Episode 1: Are AI tools dangerous? In trading, the reason you lose is because you are "too smart"
Episode 1: "Learning AI vs Non-Learning AI"
What kind of logic should we actually choose from now on?
In recent years, the word "AI" has become commonplace in the world of forex trading.
On pages selling EAs (automatic trading) and indicators,
words such as
"machine learning," "self-optimization," "deep learning"
appear side by side.
At first glance, it looks like a very advanced, future-predicting“ultimate mechanism.”
However, many traders who have actually used them notice a common sense of discomfort.
"Even though it's AI, why can't it keep winning?"
■ That is the trap of overfitting
The main cause is
"overfitting".
Simply put, a state that fits too closely to the past.
Backtests show surprisingly clean results, but in real markets it doesn’t work at all.
This isn’t rare scenery,
it’s more like a common pattern.
Because markets are inherently full of noise,
and they keep changing.
In other words,
the more optimized the logic is with multiple parameters and time frame adjustments,
the more likely it is to collapse in the future.
This is the structure.
■ Why does AI lose even though it's AI?
Now, please think calmly about one thing.
Where does the image of "AI = winning" come from?
Where does it originate?
It learns automatically
It makes optimal judgments
It’s smarter than humans
Indeed, it’s appealing.
But to what is that “intelligence” applied?
The answer is simple.
It is applied to “past data.”
■ Is the premise misaligned?
Here lies a big misalignment.
Many AI-based logics involve
learning past price movements and analyzing them
extracting the most efficient patterns (and vice versa)
and applying them to the present and future
in structure.
It may seem rational at first glance, but
there is a fatal problem in trading.
That is,
"The market does not repeat the same moves."
This is the reality.
■ What’s happening
In actual practice
Backtests are perfect
Forward tests start to break down
In real trading, it collapses
And then new AI tools appear again.
This cycle repeats.
■ Is AI unusable?
Here lies one misconception.
"So is AI bad?"
That is not the story.
On the contrary.
The AI-like way of thinking is very effective in trading.
The issue is
"how to use it" is misaligned
in its application.
■ A certain change occurring
there is a change happening in some areas.
It is no longer about
reproducing the past perfectly
maximizing numbers
or similar
but rather turning toward a completely different direction.
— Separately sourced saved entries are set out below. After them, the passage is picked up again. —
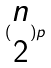<formula> <loc_0><loc_0><loc_500><loc_500>( \begin{matrix} n \\ 2 \end{matrix} ) p</formula> 
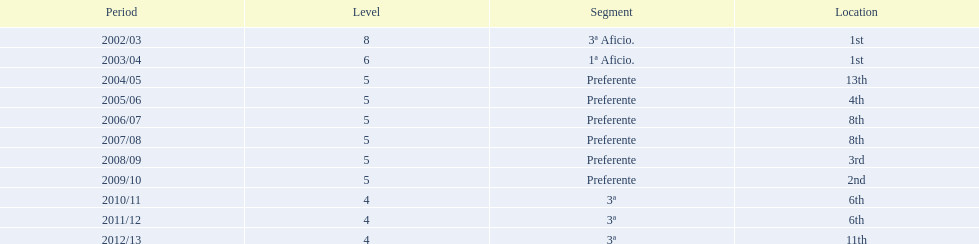Which division placed more than aficio 1a and 3a? Preferente. 
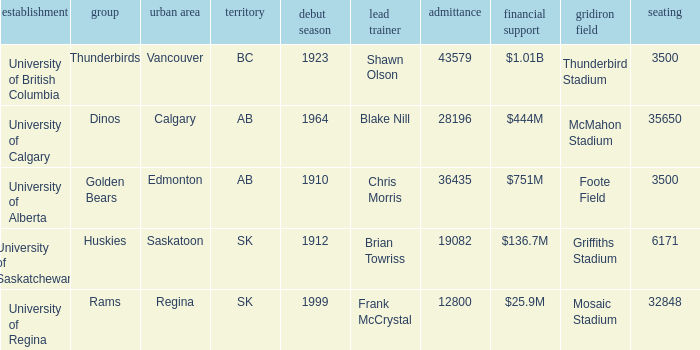How many cities have an enrollment of 19082? 1.0.

in overseas markets, truly popular EAs often have no backtests公開; forward testing only is the reality.
■ The hint is "now"
The hint for this way of thinking is very simple.
Not the past,
"How to view the market right now, at this moment"
Is it a trend
A range
Or neither
Is there volatility
Is volume increasing
Or,is it currently dangerous
Those kinds of information should be evaluated in real time, without relying on the past,
and a judgment should be made "on the spot."
■ The decisive difference from the past
Traditional logic is
"seeking the answer from the past".
The new approach is
"accurately evaluating the current situation"
.
This difference may seem small, but it is actually essential.
Because,
even if the future cannot be predicted,
the present can be evaluated precisely.
■ And one more change
More importantly, the evaluation method itself is changing.
Previously,
look at indicators individually
check each condition one by one
was common.
But now,
the idea of "handling them together" is expanding.
■ What is happening?
Multiple market factors are not scattered,
but are being unified under a single standard.
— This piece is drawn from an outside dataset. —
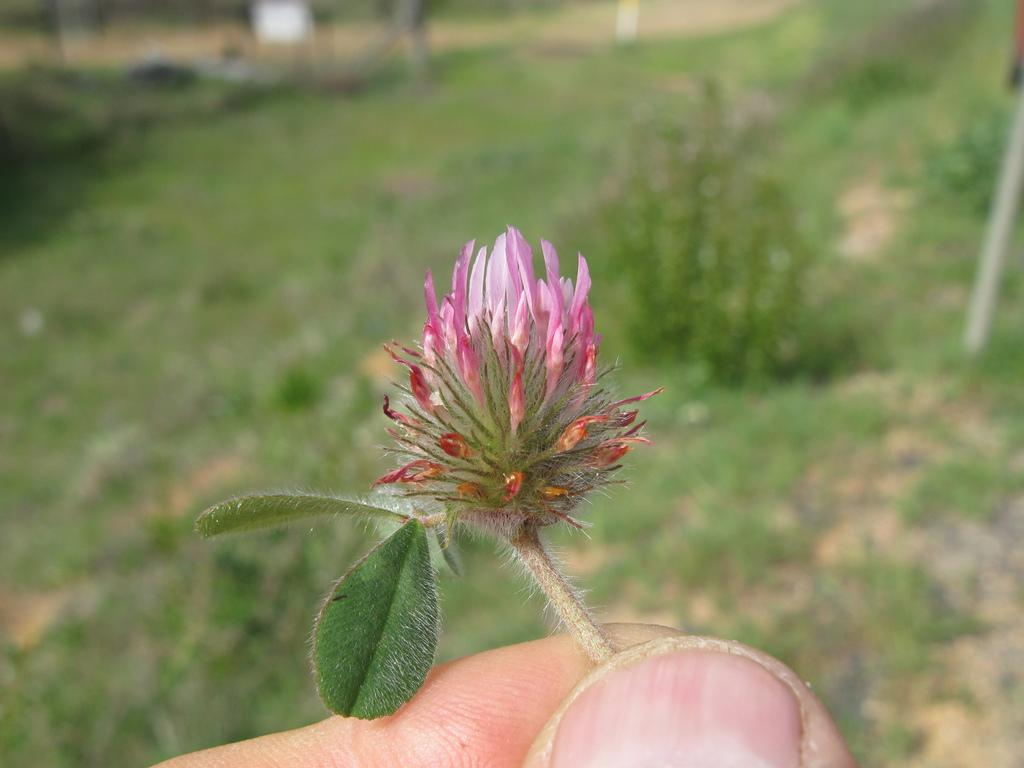What is the person holding in the image? There is a person's hand holding a flower in the image. What can be seen beneath the person's hand? The ground is visible in the image. What type of vegetation is on the ground? There is grass on the ground. What else is present on the ground in the image? There are plants and other objects on the ground. What is the person's opinion about the paper in the image? There is no paper present in the image, so it is not possible to determine the person's opinion about it.

And that standard becomes the basis for judgments itself.
Once it reaches this point,
the realm is no longer the traditional indicators or EAs.
It enters a slightly different domain.
■ What will happen next
As this flow continues, how will trading change?
Judgments become more straightforward
Unnecessary entries decrease
Reproducibility increases
And above all,
there will be no more hesitation.
■ An area that is still not widely known
However, this way of thinking is not common.
Many people still focus on
backtest numbers and the abundance of features
the impact of the term "learning AI"
as the main points.
But behind that,
little by little,steadily,
another standard is spreading.
acrossthe field.
■ Summary
AI isn’t inherently bad,
learning isn’t inherently bad either.
The problem is,
"where you focus"
Are you looking at the past
or are you looking at the present?
This difference is increasingly shaping outcomes.
A movement is underway to change that very way of viewing.